MARTIN: In Canada, it’s a problem of monuments versus the landscape.

FRYE: We’re still in the pyramid stage where the things that man creates are mathematical and are imposed on the landscape and don’t blend in with it.

CHIASSON: In trying to describe broadcasting in Canada, you come to the conclusion that we’ve done marvels at building the pyramid—tremendous networks, hundreds of stations, interconnections, everything—but there’s a certain vacuum about what ought to go in, the things that we are producing.

MARTIN: C’est aussi la prédominance de l’adaptation sur la création.

FRYE: But this is repeated below the broadcasting towers: that is, the West is laid out in those square sections. If you look at the buildings in a Western village, they don’t come from the landscape, they defy the landscape. I think Versailles begins the intelligent or geometrical conquest of space which you have over here: it’s the conquest of nature by an intelligence that doesn’t love nature and doesn’t feel itself a part of it.

CHIASSON: I remember I said that the next time we talked, perhaps we would talk of Canada as a non-brilliant society, and you said, “Thank God Canada is not a brilliant society.” We would like to see the possibilities of creation in a non-brilliant way.

MARTIN: Une société brillante, une culture brillante, it’s an overstimulated culture: Vienne, Paris …

FRYE: I think of California where the climate is overstimulating to begin with, and they don’t have this long deep introverted winter which is so valuable to us. It’s characteristic of a brilliant culture to think in terms of very concrete images, whereas in Canada we have a sense of the conceptual, as both articulating, and, to some extent, cooling down the direct presentation of the symbol. You’ll never get a Monet in Canada. You would get a man who would start with a pencil and a piece of white paper, and who would think of the colours as emerging. I was looking at an exhibition of paintings by Canadian students of landscapes, and one of them was a student from Ghana. I realized that what was different about his imagination was that he had never seen a black-and-white world; consequently, he lived in a world where colours existed from the beginning. He did not think, as we do, of colours emerging in the spring, and coming into their focus in the autumn and then disappearing. There is an annual birth and death of colour, out of the black and white, in Canada.

[All agree on the importance of this black-and-white phenomenon in Canada.]

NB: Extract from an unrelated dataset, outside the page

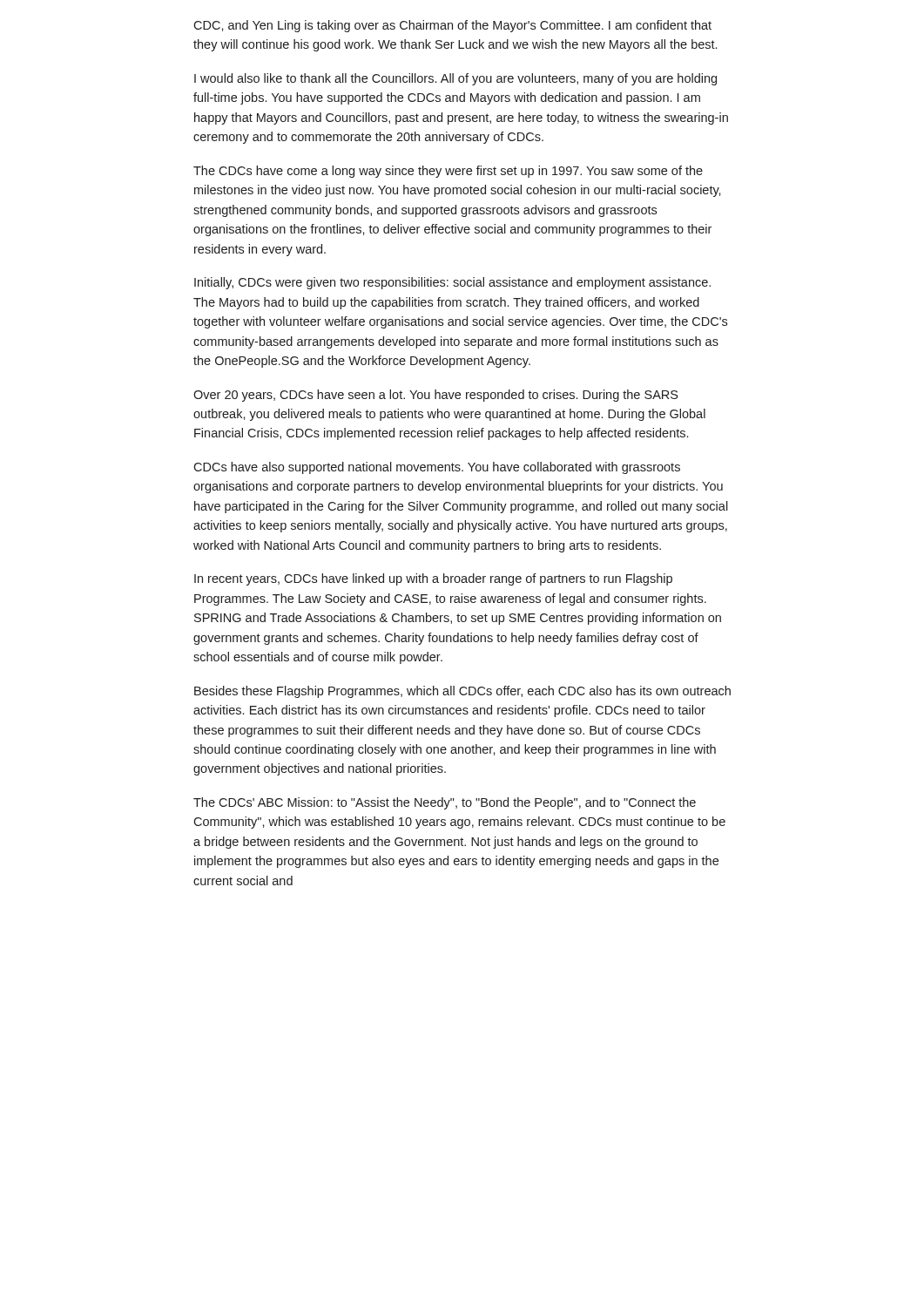Locate the region starting "The CDCs' ABC Mission: to "Assist the"
This screenshot has width=924, height=1307.
pyautogui.click(x=459, y=842)

FRYE: There is an analogy, and I think it is a very deep-rooted analogy, between the image derived from sense experience which the poet uses, as the colour, and the concept, as the black-and-white thing. And I think that our habit of mind is instinctively conceptual. You see it in Canadian poetry, both English and French: the struggle that they have to get the pure image across, and the almost gasp of relief with which they fall back into the conceptual argumentative line. That’s what struck me in my reading about Canadian nineteenth-century literature, the fact there is such a high intelligence carried out at an argumentative level, and the extraordinary act of will that it takes for a Canadian poet to get away from the conceptual basis.

CHIASSON: I saw this in another context, that of French Canada, being extremely argumentative, aggressive. I’ve wondered if the verbal aggression let loose didn’t sometimes cut them off from their historical or cultural foundations.

FRYE: I think it does, to some extent, because the Canadian is always uneasy when he’s left the field of argument.

MARTIN: A capital is a tool of civilization. Is it possible to create a real capital in a non-brilliant society?

FRYE: I think that the capital of a non-brilliant society is going to be an administrative centre. I think that it will be some time before there is a brilliant society here, that is not what Ottawa is all about. It’s very much a brain centre, it’s a centre of communication signals, but it is not the dramatization of a way of life in the way that London or Paris would be. I think that I mentioned this earlier in connection with Charlottetown: something is put on top of a Canadian community, and someone says, “Now this is culture, you rally round it.” And you know, they won’t.

CHIASSON: And it’s true in other areas of Canadian life, not just the cultural area. In some respects, social organizations or patterns developed in brilliant countries, or maybe even in the United States, don’t take root here …. André asks if we can say that the black-and-white culture is a culture of abstraction.

FRYE: Yes. There’s an analogy which may be something more than an analogy between the black and white and the conceptual. It is such an instinctive figure of speech that there must be something there.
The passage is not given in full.